PROBLEM DESCRIPTION ▸
Only what runs from the line with "Where should I" to the end of the data should appear in the answer, exactly as written and without pictures.

DATA LISTING ▸
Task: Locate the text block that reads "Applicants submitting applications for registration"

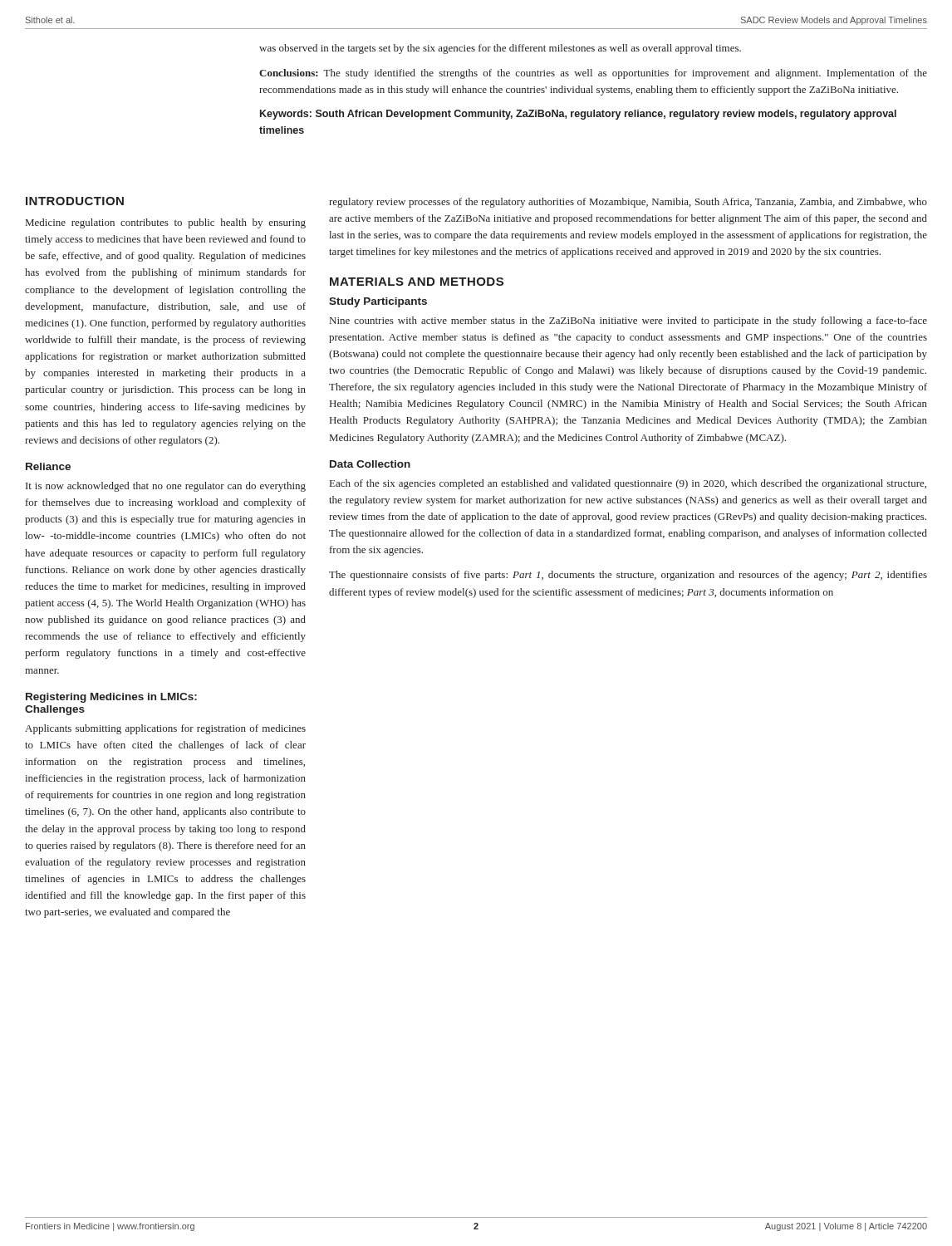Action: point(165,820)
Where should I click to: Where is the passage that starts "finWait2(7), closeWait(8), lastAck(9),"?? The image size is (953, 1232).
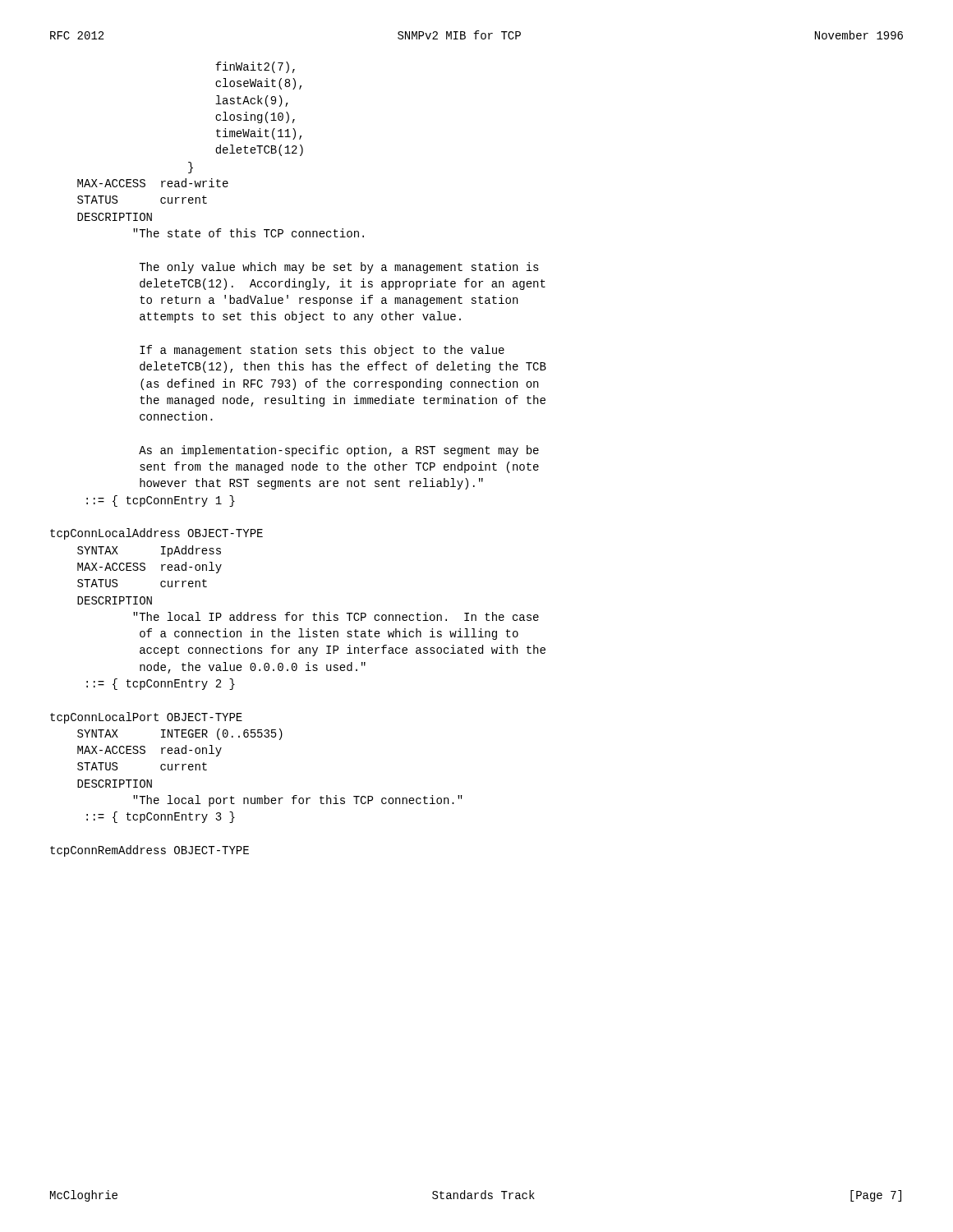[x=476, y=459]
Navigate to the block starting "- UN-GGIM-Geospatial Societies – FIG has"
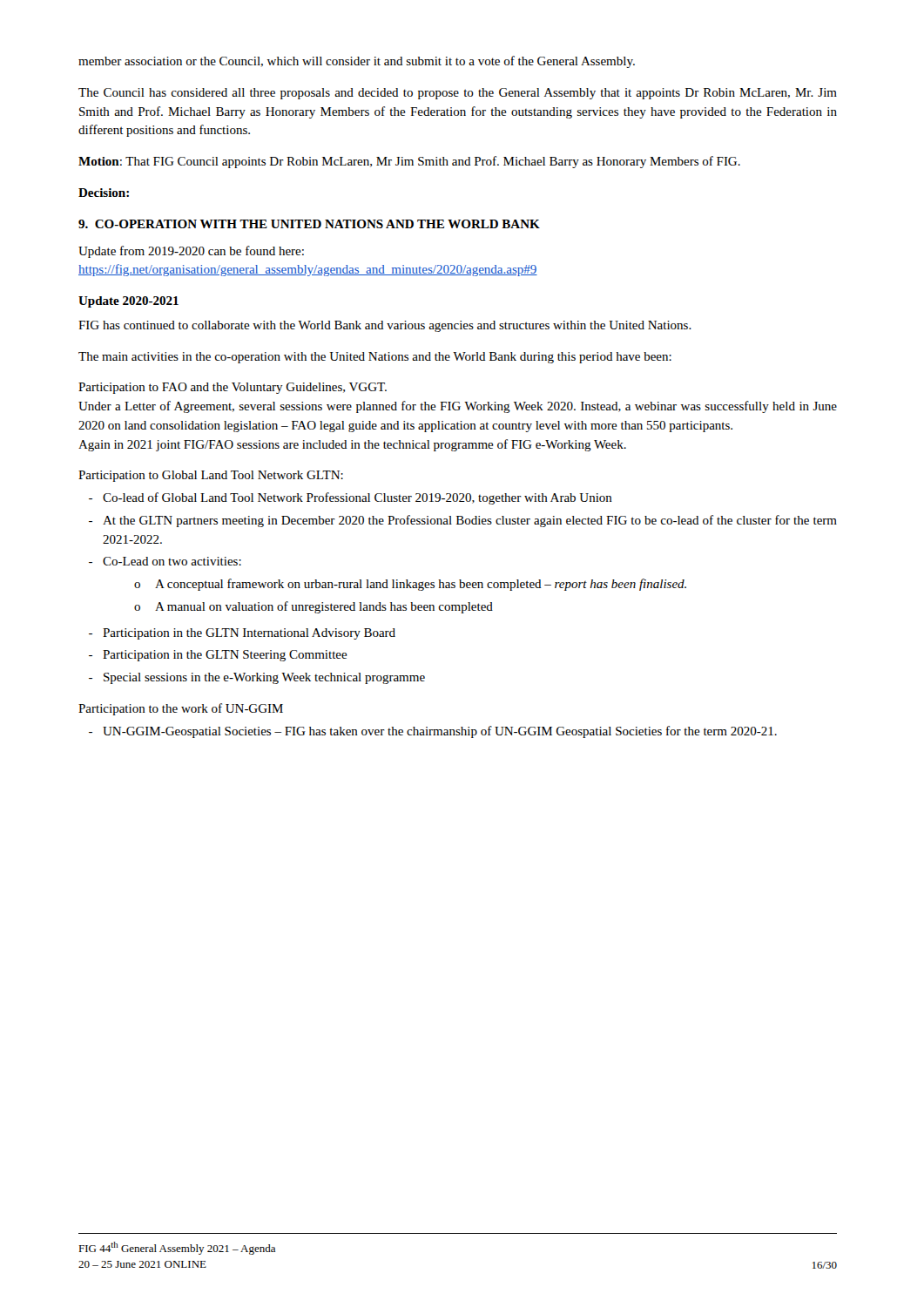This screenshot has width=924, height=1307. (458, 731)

YOUR SOLUTION ▸
Where should I click to: Where is the passage that starts "finWait2(7), closeWait(8), lastAck(9),"?? The image size is (953, 1232).
[x=476, y=459]
Navigate to the block starting "- UN-GGIM-Geospatial Societies – FIG has"
This screenshot has width=924, height=1307. (458, 731)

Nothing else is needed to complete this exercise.